# Hello Everyone!



## BethHuntsberry (Jan 8, 2013)

We are brand new to sailing. We went out for an afternoon sail with some friends and fell instantly in love. A week later, we bought a 1978 Catalina 25 (I hope I'm saying that right). We've been cleaning, repairing, and learning for the last six weeks. We've taken the boat out four times and each time it's getting a little easier. We've been really lucky to have friends who have been sailing for many years. Great teachers! 

We live in beautiful Fruit Cove, Florida. How can you not love sailing when you are surrounded by water and live in a place with great weather year round? So far our experience has been limited to the St. Johns River. We want to get out on the inter-coastal in the next month or so. Once we learn a little more, we want to sell our learner boat and upgrade to something a little bigger and get out into the ocean.

I look forward to meeting everyone!


----------



## Donna_F (Nov 7, 2005)

Welcome, Beth!

It sounds like you're on the right track. I would suggest also adding a boating safety course into your task lists. You'll quickly find out how much more there is to learn.

Good luck and don't hesitate to ask questions.


----------



## BethHuntsberry (Jan 8, 2013)

DRFerron said:


> Welcome, Beth!
> 
> It sounds like you're on the right track. I would suggest also adding a boating safety course into your task lists. You'll quickly find out how much more there is to learn.
> 
> Good luck and don't hesitate to ask questions.


Thanks! Are the best courses the ones offered through the coast guard auxiliary? We've looked into several that are offered in our area.


----------



## Donna_F (Nov 7, 2005)

Full disclosure: I'm a CG auxiliary sailing safety and seamanship instructor.

That said, I've also taken the US Power and Sail Squadron boating safety course and I would recommend either. Many of our auxiliary instructors are also power and sail squadron instructors. The topics covered are the same but unless their material has changed since I took the course over 12 years ago, I think the power squadron puts more emphasis on reading charts and plotting courses on a chart. 

Either course should also get you the Florida state boating certificate as well. It does in my state, I'm uncertain about Florida. 

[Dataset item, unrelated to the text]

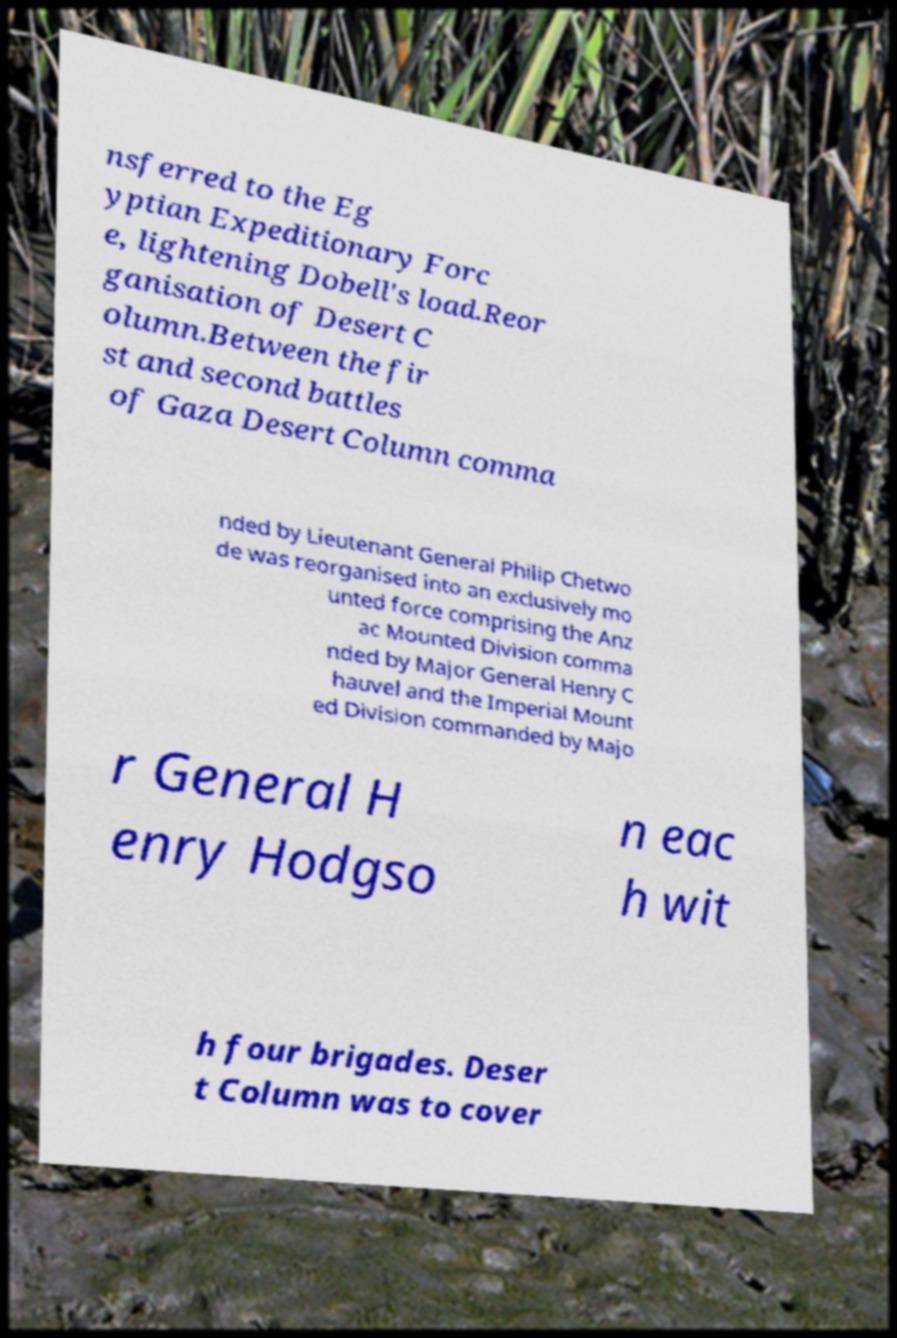Can you read and provide the text displayed in the image?This photo seems to have some interesting text. Can you extract and type it out for me? nsferred to the Eg yptian Expeditionary Forc e, lightening Dobell's load.Reor ganisation of Desert C olumn.Between the fir st and second battles of Gaza Desert Column comma nded by Lieutenant General Philip Chetwo de was reorganised into an exclusively mo unted force comprising the Anz ac Mounted Division comma nded by Major General Henry C hauvel and the Imperial Mount ed Division commanded by Majo r General H enry Hodgso n eac h wit h four brigades. Deser t Column was to cover

Where I live the state course is only 8 hours and mostly only covers material applicable to boating within state waters. The USPS and USCGAUX courses are more intensive and cover Federal laws as well as other important stuff like weather, auxiliary engines, radio skills, knots and lines among other stuff. Either is well worth the time.


----------



## BethHuntsberry (Jan 8, 2013)

DRFerron said:


> Full disclosure: I'm a CG auxiliary sailing safety and seamanship instructor.
> 
> That said, I've also taken the US Power and Sail Squadron boating safety course and I would recommend either. Many of our auxiliary instructors are also power and sail squadron instructors. The topics covered are the same but unless their material has changed since I took the course over 12 years ago, I think the power squadron puts more emphasis on reading charts and plotting courses on a chart.
> 
> ...


Great! Thanks so much for the information! We'll definitely look into the courses. I would love to learn more about reading charts. We've read so many book and learned so much from being out on the water with our Captain friend. But reading the charts has me totally stumped.


----------



## DonScribner (Jan 9, 2011)

Hi Beth,

Welcome to the asylum. Get out there as much as you can but keep an eye on the weather and an ear to the radio. I'll try not to despise you too much as I'm pulling 18" of snow off my boat with a roof rake. What? Never heard of a roof rake?


I am not a UCSGA member nor do I play one on TV but I, too, highly recommend it! There are idiots a-plenty out there so knowing how to, where to and when too could mean the difference between scowling at the guy who came a little close and a sad, sad day for your survivors. Many see the water as an open field and they have a ski-do. In actuality, the bay is more like a municipal parking lot with lanes, rules and police. Ever hear of a boat that has the "right-of-way". Doesn't exist, not on the water. If Florida is anything like Maine, anybody that can turn a key can drive a boat. No training, no permit, just gas enough to get the out-drive out of the water. To put his into perspective, the first time I sailed is the first time I passed the jetty and "shanked" (I Know, I know). But, a USCAG course and mega hours of studying gave me enough head knowledge to live through my voluminous mistakes. Gave me a few stories too if you wanted to search my other posts.

Fair Winds,

Don


----------



## BethHuntsberry (Jan 8, 2013)

DonScribner said:


> Hi Beth,
> 
> Welcome to the asylum. Get out there as much as you can but keep an eye on the weather and an ear to the radio. I'll try not to despise you too much as I'm pulling 18" of snow off my boat with a roof rake. What? Never heard of a roof rake?
> 
> ...


Thanks Don! I'm reading everything I can get my hands on, but there is so much to learn! I'm looking forward to taking some of those courses.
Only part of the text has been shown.